Интересны подробности служебной карьеры отца и крупного чиновника Ши Чжо-тана (1756—1837), покровителя Шэнь Фу, его вынужденные скитания по чужим краям, поскольку в старом Китае чиновник не имел права служить в тех местах, откуда был родом.

Перед читателем проходит жизнь определенного сословия, замкнутая в семейном кругу и достаточно вольная вне его. Любопытны образы женщин, оторванных от семейного круга, — это известные актрисы или певицы. Хотя в этой среде не держат молоденьких девушек взаперти, вопрос об их замужестве решают старшие.

В целом «Записки» Шэнь Фу представляют для читателя скорее художественный интерес, чем объективное историческое свидетельство, однако отдельные факты все же могут дать представление о жизни Китая того времени. Например, сам Шэнь Фу, члены его семьи, его родственники нередко прибегают к займам, закладным лавкам и ломбардам. Интересно, что чаще всего занимают деньги у соседей. В Китае не было специальной прослойки ростовщиков, как, например, в Европе, и всякий, у кого есть деньги, мог пустить их в рост. Причем проценты по долговым обязательствам были очень высокие (от 12 до 36%).

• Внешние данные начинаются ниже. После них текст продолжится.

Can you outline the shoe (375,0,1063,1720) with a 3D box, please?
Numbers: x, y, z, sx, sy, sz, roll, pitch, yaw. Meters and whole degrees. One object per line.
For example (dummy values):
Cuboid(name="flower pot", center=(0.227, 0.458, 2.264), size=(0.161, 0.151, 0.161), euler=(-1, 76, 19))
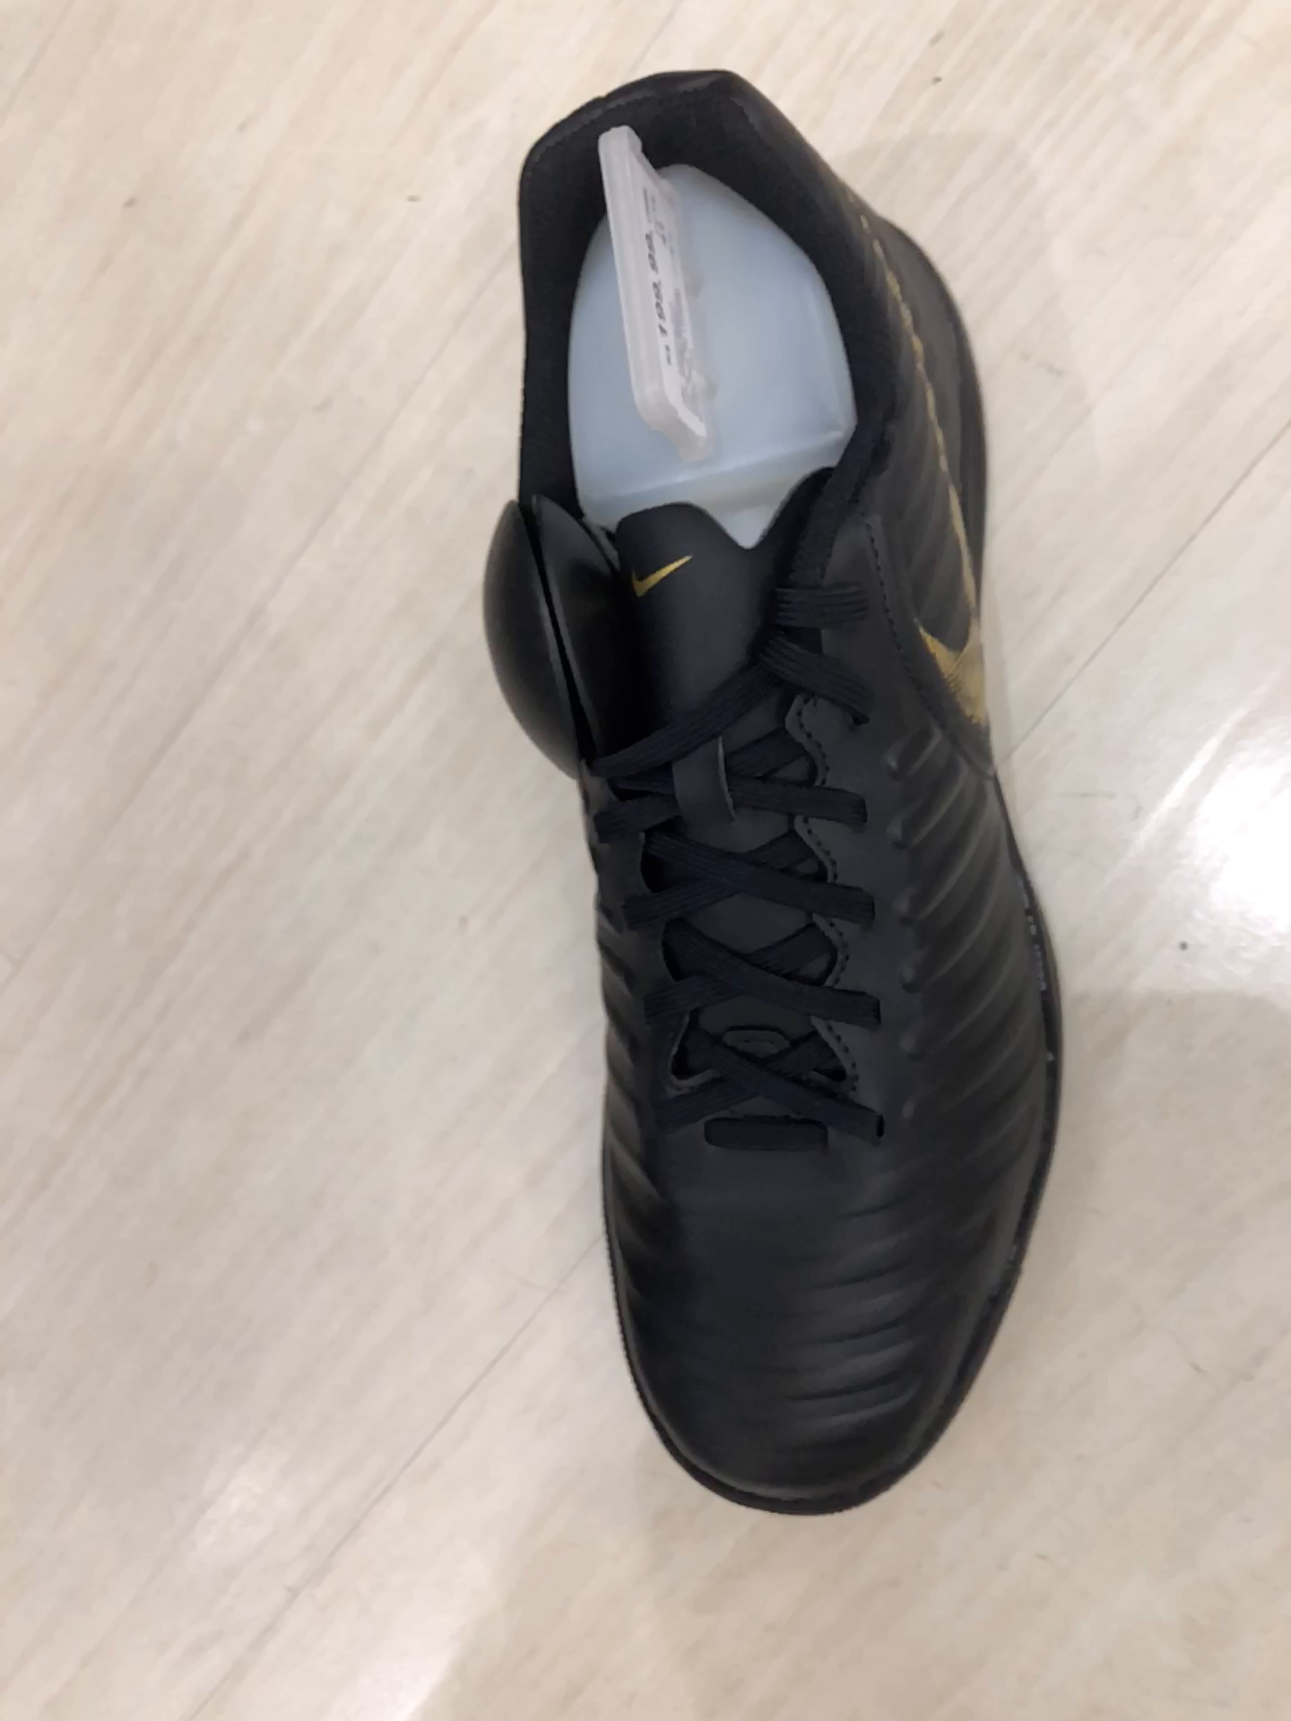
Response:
Cuboid(name="shoe", center=(0.020, -0.006, 0.288), size=(0.100, 0.110, 0.290), euler=(-3, 86, 23))
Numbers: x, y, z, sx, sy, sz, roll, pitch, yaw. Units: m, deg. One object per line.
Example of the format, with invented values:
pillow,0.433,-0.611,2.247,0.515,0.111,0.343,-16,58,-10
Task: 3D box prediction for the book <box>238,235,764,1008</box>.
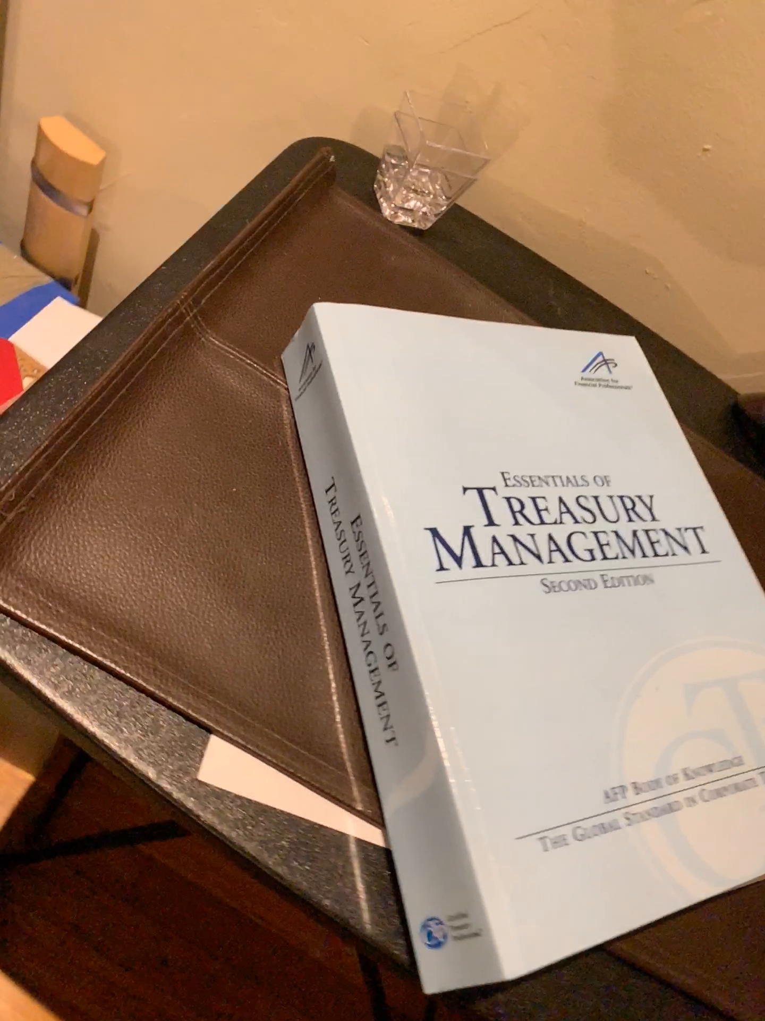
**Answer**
book,0.072,0.023,0.362,0.221,0.060,0.300,0,61,-29

Страницы «Записок» дышат любовью к старине, в них много описаний традиционных сторон жизни Китая, но иногда и промелькнет современное, что-нибудь вроде рассуждения о том, правильно ли поставлены пушки и верный ли у них прицел из-за постоянных колебаний уровня моря у Храма морской жемчужины в Кантоне, или забавного разговора Шэнь Фу с настоятелем одного удаленного от мира и затерянного в горах монастыря. Первые вопросы, которые задал ему этот отошедший от суеты человек, были самыми суетными: «Что новенького в городе? А что, гарнизонный все еще в своей управе?».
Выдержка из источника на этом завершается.